At the age of ten, Paterson left the station to attend grammar school in Sydney. When he did not earn a scholarship to university, Paterson went to work as a clerk for a law firm, and read law in his off hours.

Paterson found that one of his first barrister duties was bill collection. This disturbed him greatly and he wrote his first piece, a pamphlet calling for land reform and the abolition of the land grant system in Australia.

In the 1880s, Paterson discovered poetry and published his first poem, anonymously. A few years later he published the first of his bush ballads, "Old Pardon, the Son of Reprieve".

Paterson's poems were an immediate hit. He and Henry Lawson both wrote for the same newspaper, the Bulletin, and the paper gained fame for its Australian writers and its unique poetry and fiction features that embraced the beauty and the immensity of Australia's bush.

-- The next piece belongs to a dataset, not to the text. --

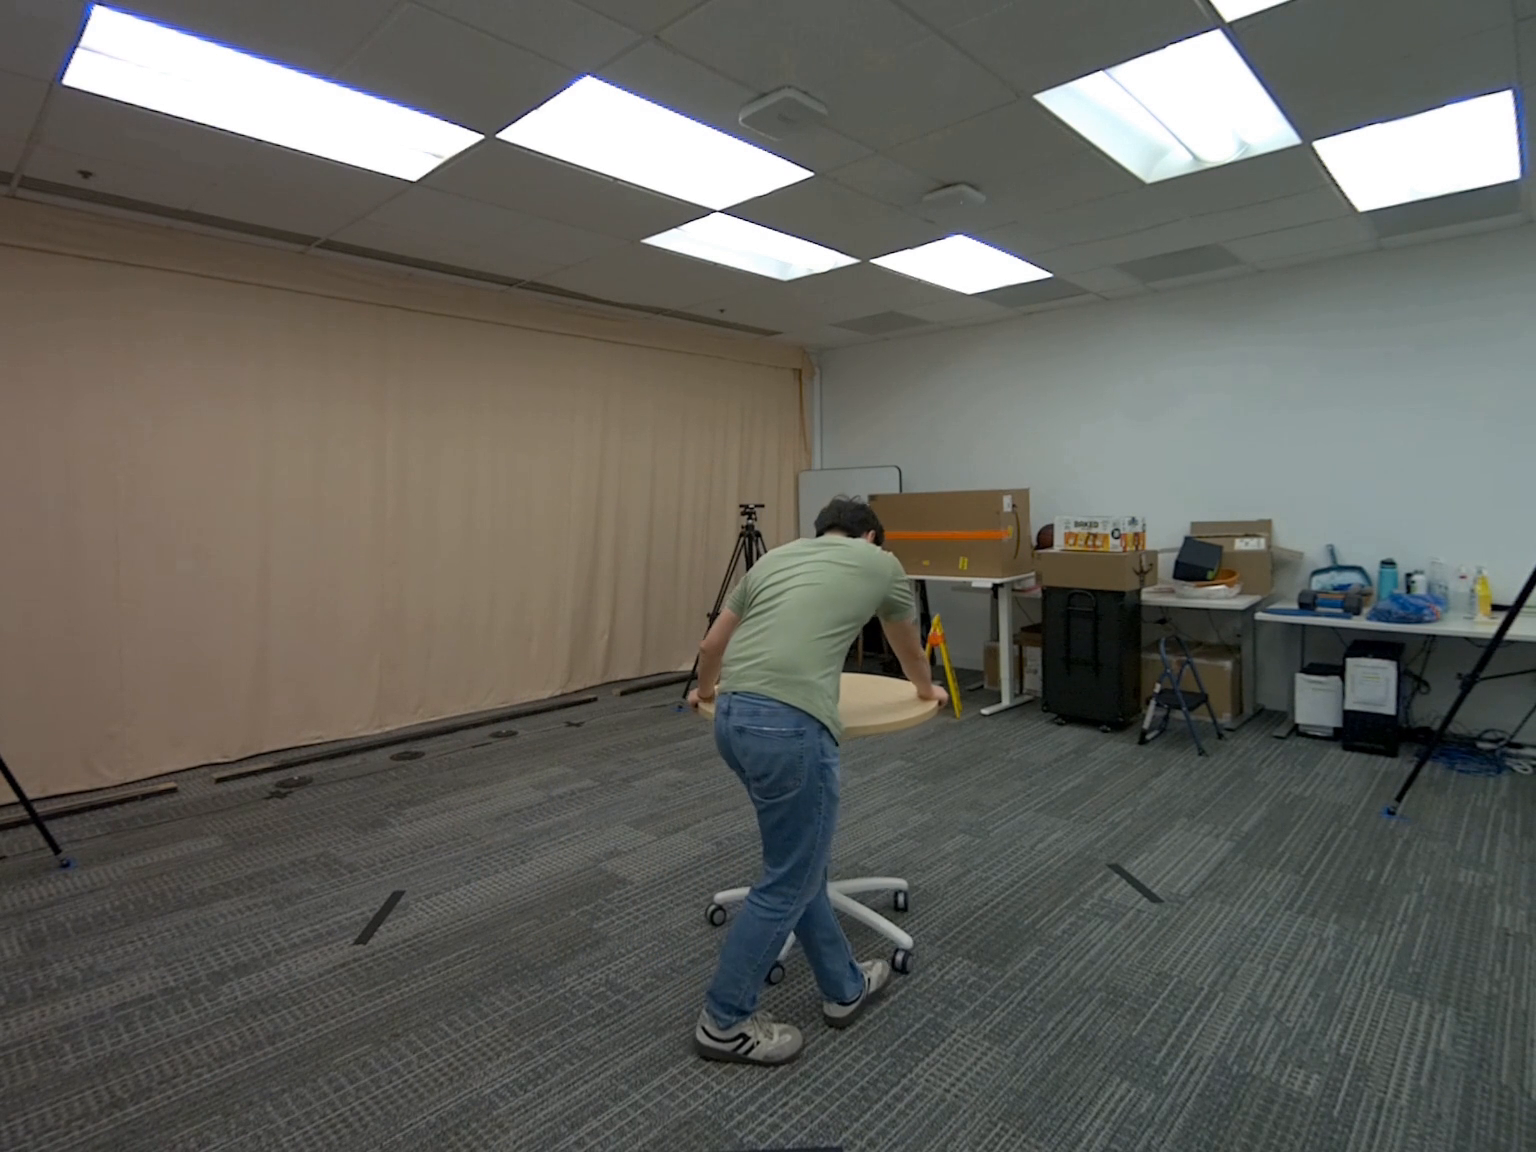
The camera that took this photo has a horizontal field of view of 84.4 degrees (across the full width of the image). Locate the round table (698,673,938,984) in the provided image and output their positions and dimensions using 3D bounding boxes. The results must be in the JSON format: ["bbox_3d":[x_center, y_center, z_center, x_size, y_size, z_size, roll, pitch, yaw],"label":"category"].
[{"bbox_3d":[0.171,0.775,2.732,0.763,0.792,0.767,-1,4,-2],"label":"round table"}]

By the time that he published his first volume of poetry, "The Man from Snowy River and Other Verses", the Banjo had his own law offices and his star was still rising in the world of poetry. His dissatisfaction with the office never showed through better than in these lines from one of his most famous poems, "Clancy of the Overflow":

I am sitting in my dingy little office, where a stingy
Ray of sunlight struggles feebly down between the houses tall,
And the foetid air and gritty of the dusty, dirty city
Through the open window floating, spreads its foulness over all.

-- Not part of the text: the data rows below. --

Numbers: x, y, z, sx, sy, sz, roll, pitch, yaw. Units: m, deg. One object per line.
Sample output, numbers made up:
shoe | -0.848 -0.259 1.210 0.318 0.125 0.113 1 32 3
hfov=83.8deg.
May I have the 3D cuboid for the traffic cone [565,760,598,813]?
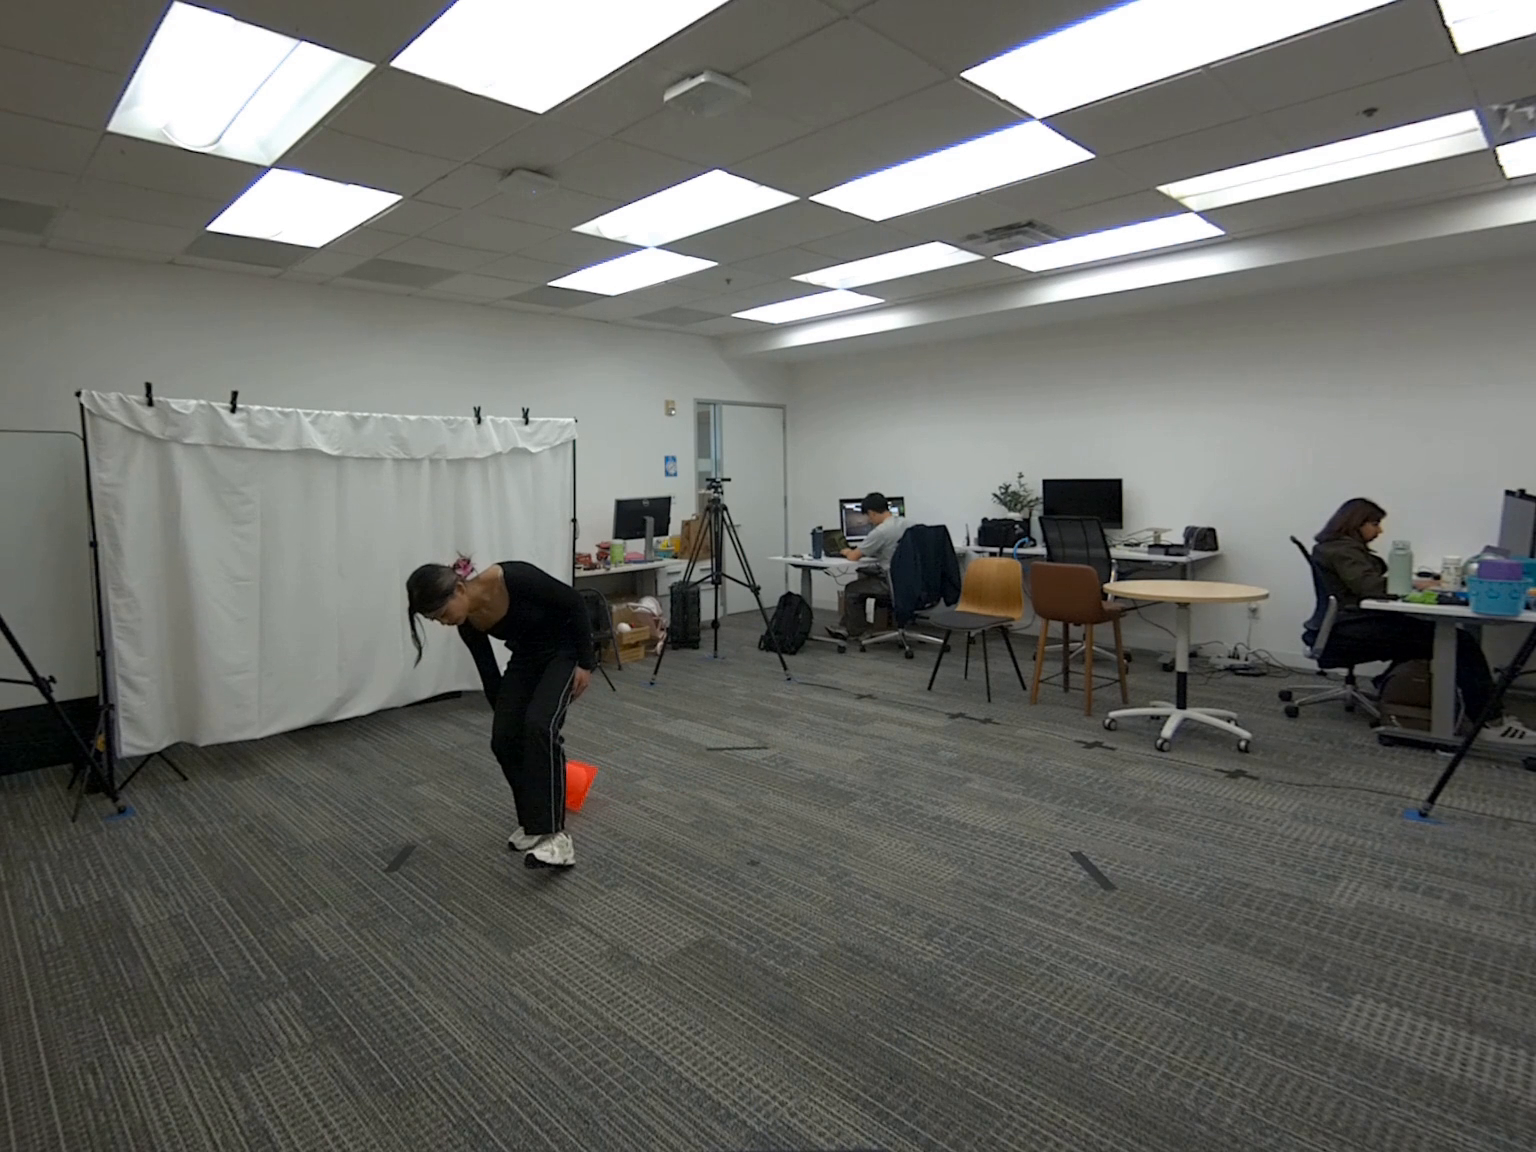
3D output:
traffic cone | -0.950 0.817 3.606 0.211 0.205 0.369 3 -31 45
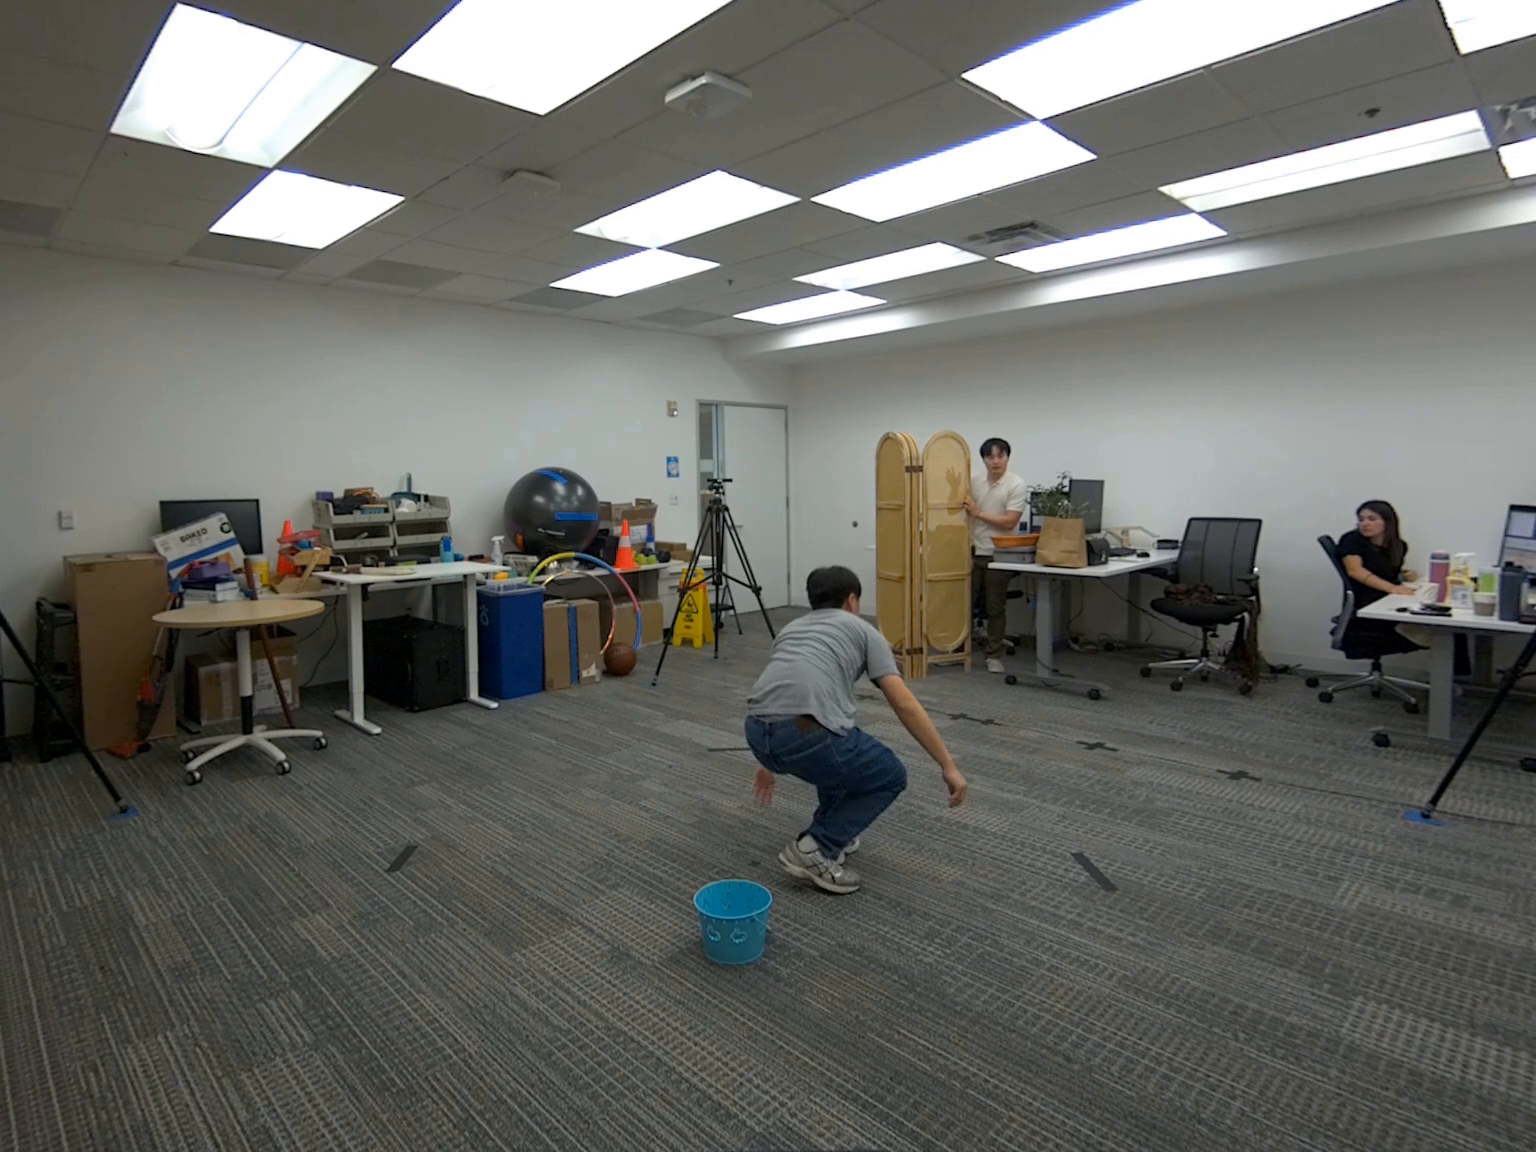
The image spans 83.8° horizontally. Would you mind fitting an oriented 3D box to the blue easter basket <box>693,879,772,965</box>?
[{"bbox_3d":[-0.093,1.034,2.548,0.243,0.155,0.245,-2,5,-2],"label":"blue easter basket"}]

And in place of lowing cattle, I can hear the fiendish rattle
Of the tramways and the buses making hurry down the street,
And the language uninviting of the gutter children fighting,
Comes fitfully and faintly through the ceaseless tramp of feet.

And the hurrying people daunt me, and their pallid faces haunt me
As they shoulder one another in their rush and nervous haste,
With their eager eyes and greedy, and their stunted forms and weedy,
For townsfolk have no time to grow, they have no time to waste.

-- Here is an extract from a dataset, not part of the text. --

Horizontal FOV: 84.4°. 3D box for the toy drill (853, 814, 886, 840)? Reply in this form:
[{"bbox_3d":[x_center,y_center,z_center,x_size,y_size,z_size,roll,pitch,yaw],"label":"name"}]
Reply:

And I somehow rather fancy that I’d like to change with Clancy,
Like to take a turn at droving where the seasons come and go,
While he faced the round eternal of the cash-book and the journal--
But I doubt he’d suit the office, Clancy, of The Overflow.

With the publication of this best selling volume of poems, the Banjo revealed himself as A. B. Paterson and found himself an instant celebrity. Not very much later, he heard a bush legend about a man who drowned himself rather than be brought in by the police, and from this came what is perhaps his most famous poem, "Waltzing Matilda".

During the Boer War Paterson served as a war correspondent in South Africa, and after the war he married and had two children.

During World War I, he served as a lieutenant in a riding regiment. He ended his service with the rank of major, and in 1919 returned to Sydney's suburbs and work as a journalist.

The Banjo died of a heart attack in 1941, leaving a collection of work that included three volumes of poetry and two novels. He is widely considered to be the voice of Australia's bush, and his face is featured on the Australian ten dollar note.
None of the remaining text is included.